On the contrary when I use the ViT encoding results are so much better. Would love to hear thoughts/pointers from others.


I have not tried this, however, like you said, the VAE’s primary goal is compression. When looking at the latents they are typically human recognizable what their content is which suggests to me they are primarily compressing lower level features like textures over higher level features like a person who is the main subject of an image as typical at least the outline of the person is still visible in the latents.

I believe the Stable Diffusion VAE was trained independently of the UNET which is where the CLIP alignment takes place. I think the bottleneck of the UNET would likely contain a better semantic representation than the VAE latents, though I suspect it won’t be as good as a model originally trained for classification.

1 Like

Thank you. Update here is that I have been able to get good results for image similarity by using both of these encoders:

  1. CLIP models image encoding (which is aligned with the CLIP models text encoding, forcing the image encoder to capture the semantic representation of images.
  2. Dino (ViT) from FB research.

You are right the AE is just converting between latent space and Image space, and is mostly optimized for perceptual compression and not for semantic representation.

Thank you for engaging, helped me get a better understanding.

1 Like

No problem. Yes, those are better choices for semantic representations used for semantic similarity search. I believe that Dino V2 outperformed the latest CLIP models according to the Dino V2 paper for classification tasks which should translate pretty well for semantic similarity. I have done a reasonable amount of experimentation with some of the previous generation CLIP models circa early to mid 2022 and was both amazed in some cases, but disappointed in others.
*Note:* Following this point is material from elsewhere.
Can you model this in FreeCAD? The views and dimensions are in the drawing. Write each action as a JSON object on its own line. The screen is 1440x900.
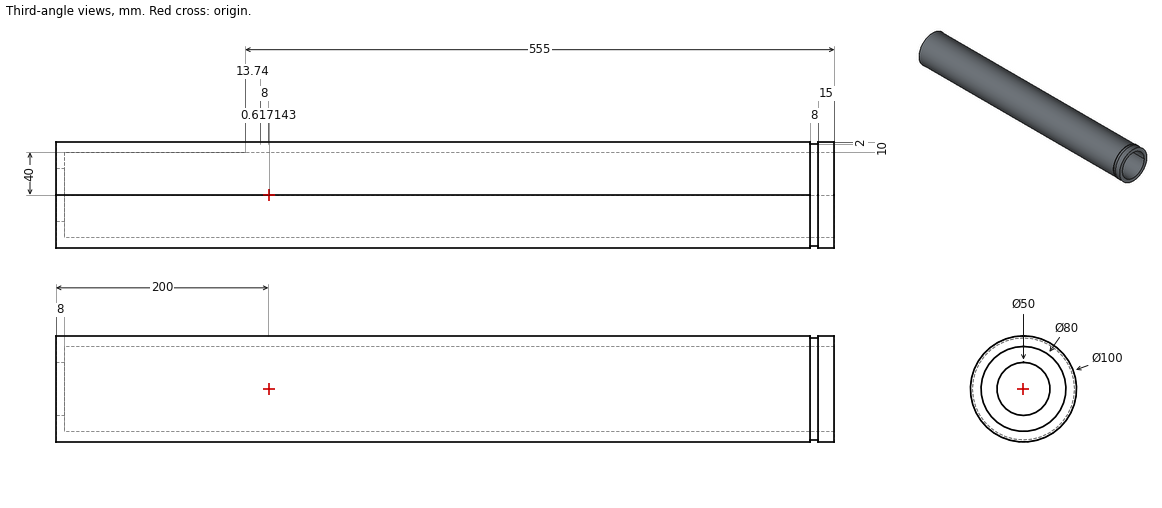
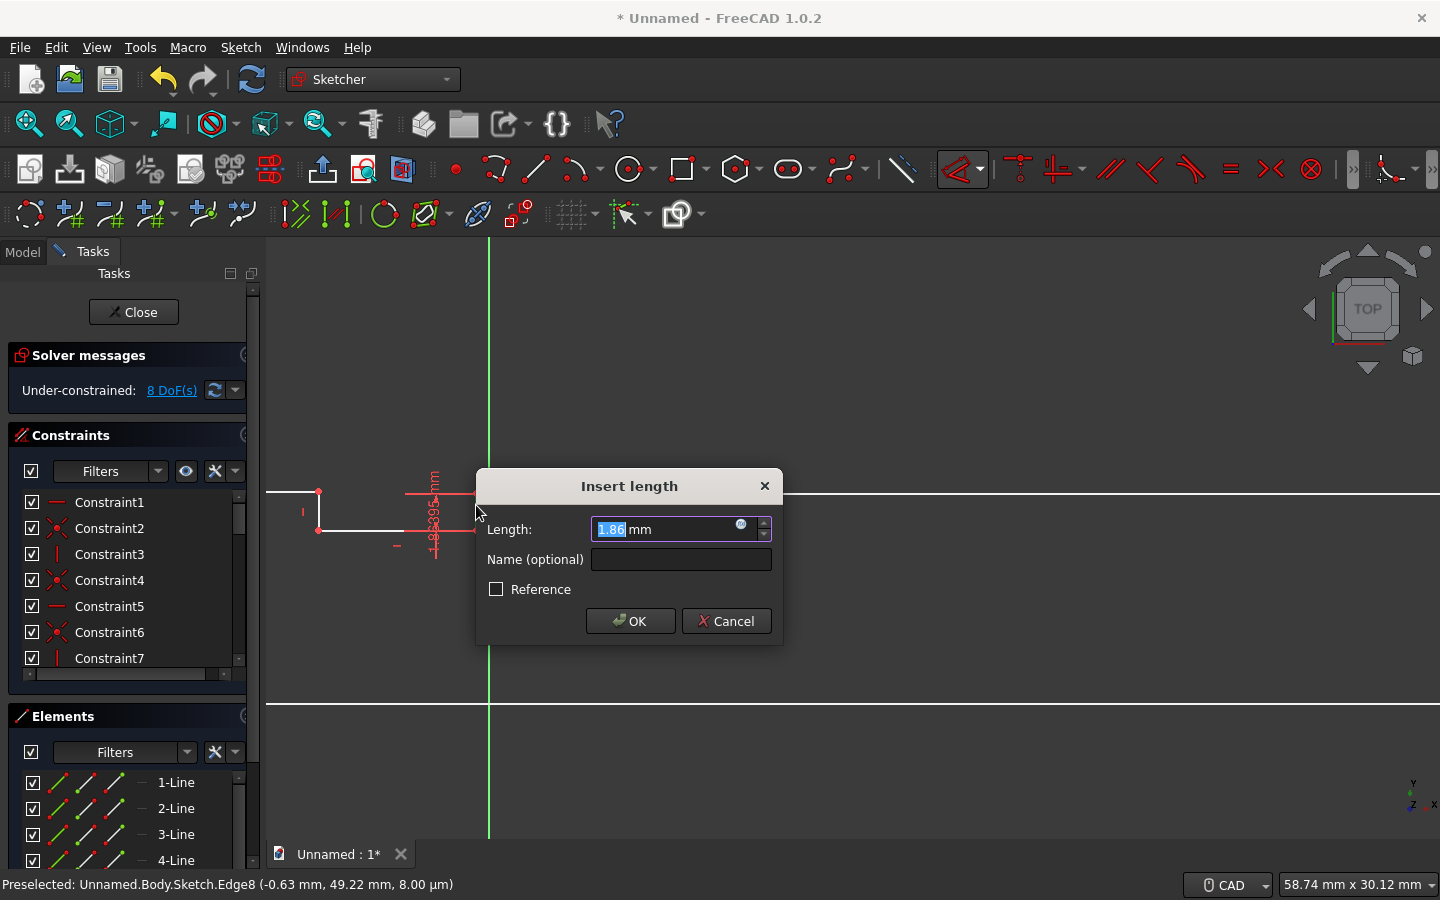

I don’t believe the domain I was interested in was well represented in the CLIP dataset and it did not perform that well . In the Dino V2 paper they talked about being intentional about making their dataset diverse and representative rather than just throwing everything in the dataset, trying to help it more to be more generalized. After doing some limited initial testing with DinoV2 it seemed to do a better job than CLIP with my dataset.